The long-term fate of coastal communities around the globe could depend on the state of the high-latitude oceans. Mounting evidence suggests that the stability of the Greenland and Antarctic ice sheets, and hence sea level, is sensitive to changes in ocean temperature. In particular, warming at intermediate depths, which reaches the underbelly of the ice, has a large potential to erode the marine glacier termini and floating ice shelves that currently buttress the larger ice masses on land.

Two articles in this issue (page 519 and page 524) explore ocean warming in relation to the ice sheets. An analysis of observations underneath a floating ice shelf off West Antarctica leads to the conclusion that ocean warming and a more vigorous circulation were responsible for accelerating melt rates; a second study projects further rises in ocean temperatures at depths of 200–500 m for the twenty-first century that are particularly fast near the Greenland ice sheet but still larger than last century's warming off Antarctica. The studies are complemented by a Review article (page 506), concluding that the West Antarctic ice sheet is likely to remain largely intact over the coming century, but the possibility of future collapse cannot be excluded.

Looking over past publications on the topic of the waning ice sheets, the picture that emerges is one of a steep learning curve: scientific understanding of sea-level rise has evolved considerably in the past decade or so.

When the third assessment report of the Intergovernmental Panel on Climate Change was published ten years ago, much of the focus was placed on the expected thermal expansion of the ocean, the increase in volume that is directly attributable to rising water temperatures. Since then, rapid loss of ice mass in both Greenland and Antarctica has shifted attention to gains in ocean mass, as water is transferred from the land-based ice reservoirs into the oceans.

The factors responsible for ice-sheet mass loss have come into sharper focus, too. The observed acceleration of the steady flow of ice from the large ice sheets into the sea was initially attributed to rising water pressure at the base of the ice sheet. Water generated through melting at the ice surface percolates downwards through crevasses and conduits in the ice, eventually lubricating the base of the ice sheet or glacier (Nature Geosci. 1, 297–304; 2008). But in addition, it turns out that ice loss is also induced by ocean warming. Relatively warm ocean water can eat away at the deeper parts of Greenland's marine-terminating glaciers and Antarctica's ice shelves (see, for example, http://www.nature.com/ngeo/focus/warm-ice-sheets/index.html). The process removes some of the buttressing of the land-based ice, and can lead to thinning and retreat by means of an accelerated flow of ice into the ocean.

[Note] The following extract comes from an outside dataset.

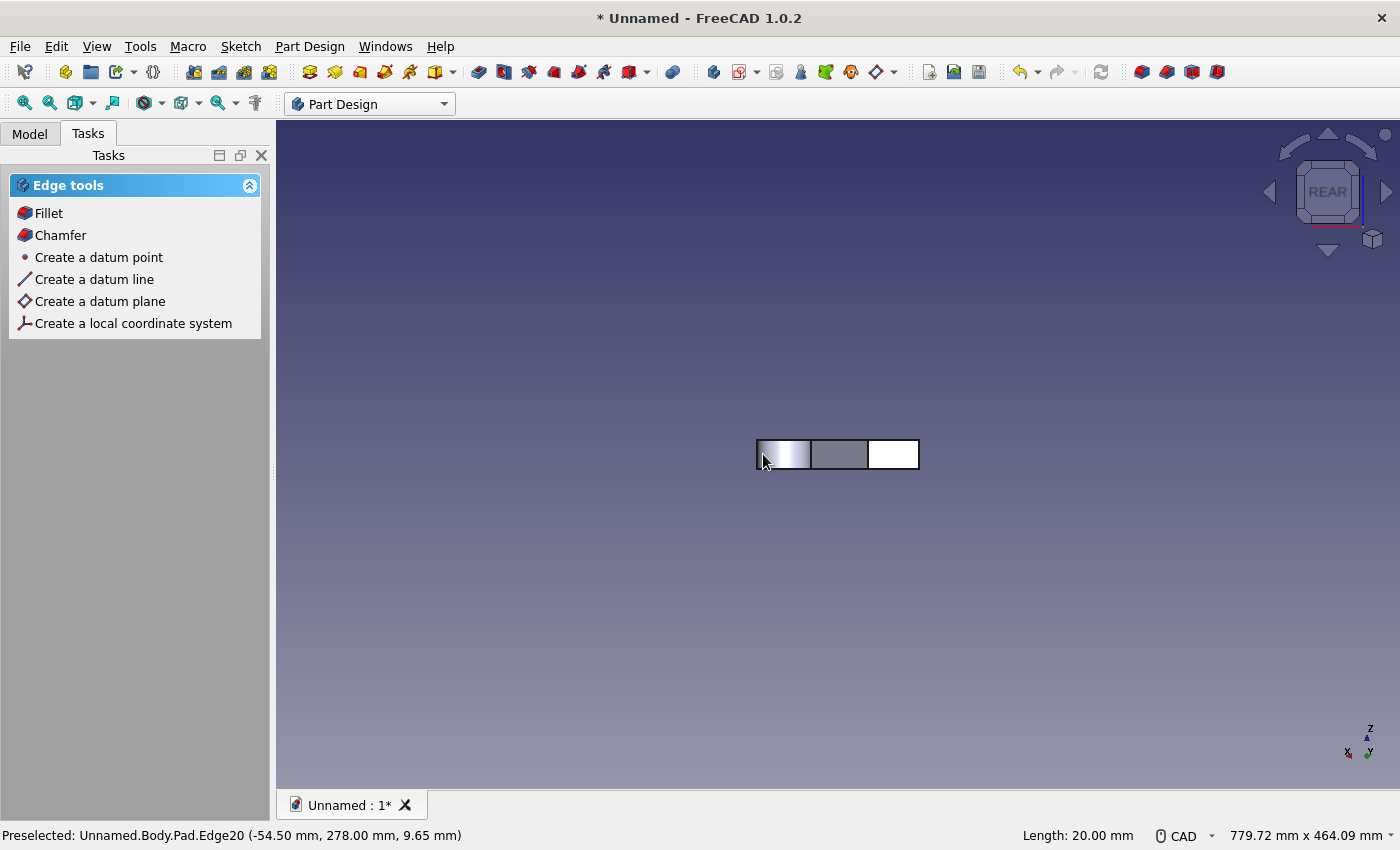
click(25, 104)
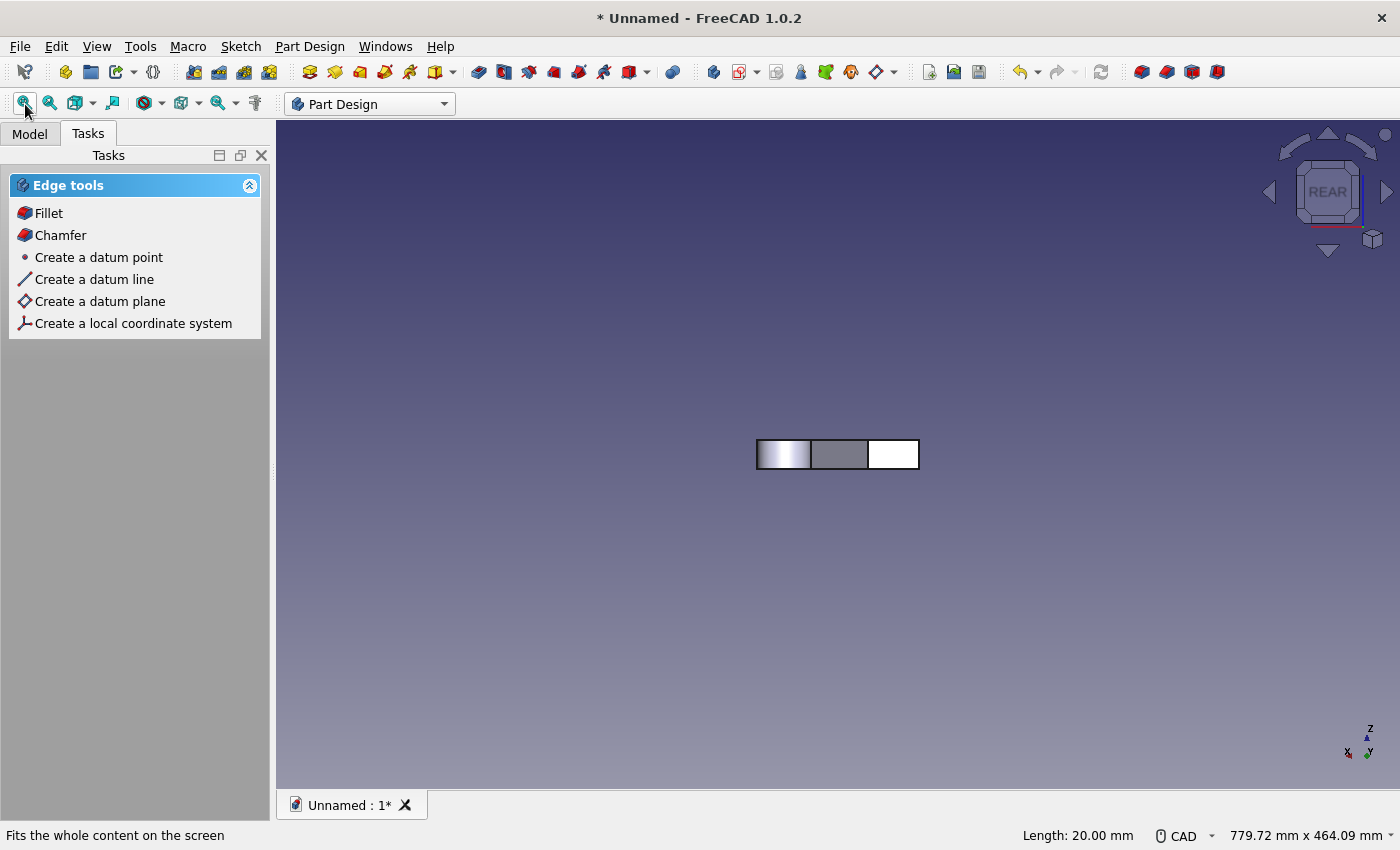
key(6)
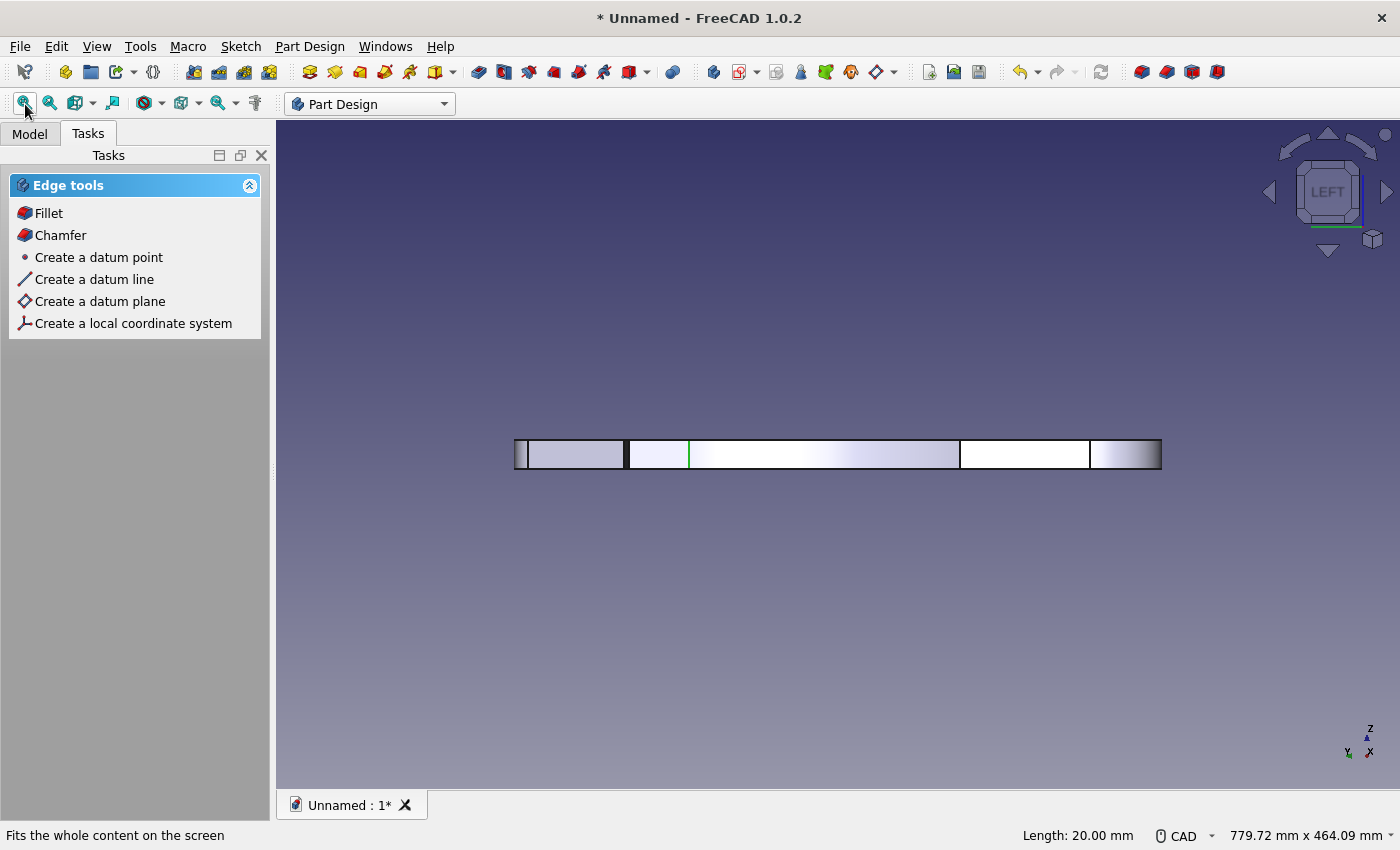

Of the three largest ice reservoirs on Earth — the ice sheets in Greenland, West Antarctica and East Antarctica — the West Antarctic ice sheet is most vulnerable to warming waters. The Greenland and East Antarctic ice sheets are situated on relatively high ground, and will eventually be isolated from oceanic warmth if thinning and retreat continues. By contrast, much of West Antarctica's ice mass rests on rock below sea level, and will not be removed from the destructive influence of a warm ocean simply by retreat. Here, ocean warming at medium depths could have a substantial influence on the ultimate fate of the ice sheet.

Credit: IAN JOUGHIN APLL/UW

By unlucky coincidence, there are indications that intermediate-depth ocean warming near West Antarctica may also be a particularly persistent aspect of long-term climate change. A long-term climate model projection suggests that, even if carbon dioxide emissions are eliminated entirely by the year 2100, and global mean temperatures consequently stabilize, the Southern Ocean could continue to warm for thousands of years (Nature Geosci. 4, 83–87; 2011).

Most likely, catastrophic change is not imminent, and it will take several hundred years before a substantial fraction of the ice is lost by subsurface ocean warming. But a rise in intermediate-depth ocean temperatures will be virtually impossible to counter by geoengineering, should the need arise. It would be prudent to keep a close eye on ocean temperatures near the ice sheets — although the Southern Ocean with its harsh climate is one of the most difficult places in the world's oceans to monitor.